Second quarter 2009 operating income increased 20 percent to reflect an operating income of $776,878 versus operating income of $645,780 reported for the comparable 2008 quarter, while operating income for the six-month period declined 14 percent to $457,701 from the $530,770 reported for the 2008 period. The Company reported a net profit for the 2009 six-month period of $259,401, compared to net profit of $308,921 reported for the same period in 2008. This performance resulted in earnings per share of $0.35 for the six-month period, compared to earnings per share of $0.40 for the first half of 2008.
Gross margin for the six-month period was $6,709,067, or 97 percent of net revenues. For the same 2009 period, total operating expense increased from $5,681,767 to $6,251,366, or by 10 percent. The increase in operating expense was substantially driven by increases in commission expense due to a planned increase in the amount of sales billed directly to customers. The Company instituted a policy earlier this year to bill directly to the end user and to pay its independent representatives commissions to facilitate better internal controls and cash management practices.
EBITDA for the 2009 six-month period increased 3 percent to $1,381,909, and represents 20 percent of revenues, as compared to $1,346,926 reported for the 2008 period, primarily as a result of higher amortization and depreciation expense.
At June 30, 2009, total assets increased by 16 percent to $14,445,732, as compared to $12,459,237 reported at December 31, 2008. Stockholders’ equity increased by 3 percent to $6,115,291, compared to the $5,929,642 reported at December 31, 2008.

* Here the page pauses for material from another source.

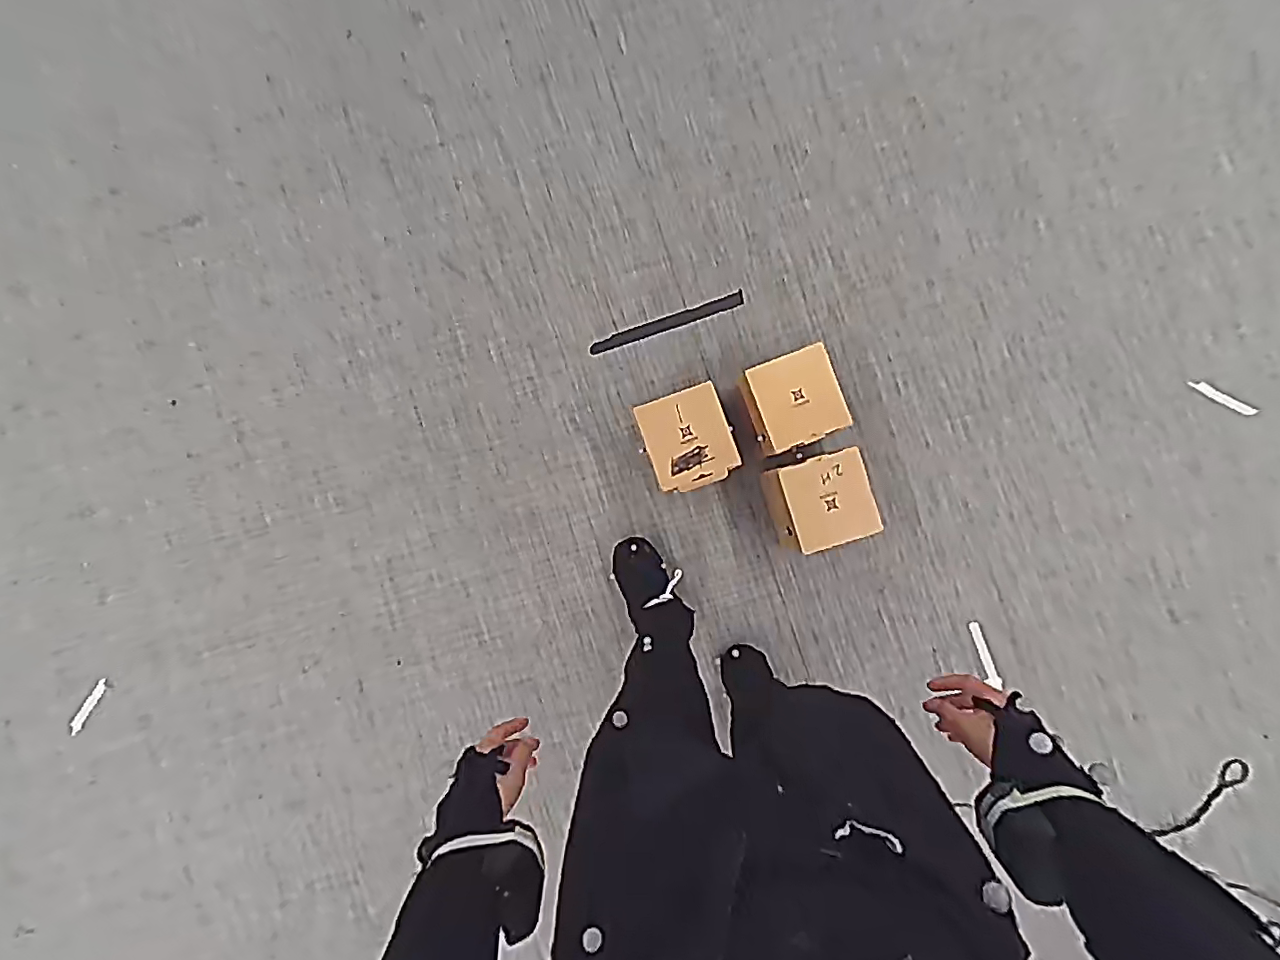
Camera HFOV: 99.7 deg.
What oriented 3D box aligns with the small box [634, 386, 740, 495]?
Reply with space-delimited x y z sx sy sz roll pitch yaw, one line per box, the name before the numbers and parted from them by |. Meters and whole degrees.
small box | 0.093 -0.076 1.123 0.168 0.176 0.179 -20 88 0

Commenting on these results, Jeffrey E. Butler, Chief Executive Officer of the Company, stated, “The increase in AEC quarterly revenues marks the thirteenth consecutive quarter of growth for the Company. While the results of the June-ended quarter represent real improvement in performance, our six-month results were impacted by a slowdown in the school market spending as a result of overall national and regional economic conditions. The first half of the year represented a challenge as: 1) there was a significant interruption of inbound order flow due to school market funding uncertainty driven by overall economic conditions; and the announcement in February of American Recovery and Reinvestment Act (ARRA), which initially created customer uncertainty that compounded the slowness in inbound orders. Funding for schools in the first quarter and a large part of the second quarter almost ceased until districts began to understand the impact of ARRA and resources available under federal programs; and 2) Once customers understood the availability and allowable use of funding, a rapid upswing in orders occurred in the latter part of the second quarter, with a significant percentage of orders being placed in the last week of June. It is now clear that there will be additional ARRA funding to schools in areas served by the Company during the last half of 2009 and into 2010; and the Company should benefit from this program for the next several quarters. Reinforcing the potential benefit of ARRA stimulus funding, we are experiencing an unusual level of new orders, setting a new order record for the July month.

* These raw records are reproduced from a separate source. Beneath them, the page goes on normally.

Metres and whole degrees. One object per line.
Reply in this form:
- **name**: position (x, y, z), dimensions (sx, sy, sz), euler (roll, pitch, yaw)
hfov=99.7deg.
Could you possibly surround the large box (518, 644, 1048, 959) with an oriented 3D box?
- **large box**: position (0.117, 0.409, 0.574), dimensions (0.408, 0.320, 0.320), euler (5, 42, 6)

“Of note, at June 30th the Company now has online business that is comprised of more than 10,000 concurrent user licenses, supporting over 63,000 registered students. In the first six months of 2009, the Company delivered approximately 1,500,000 hours of online instruction to these students. We are solidifying our competitive position and gaining market share with our range of user deployment options, and with online delivery now a significant part of our business mix,” he concluded.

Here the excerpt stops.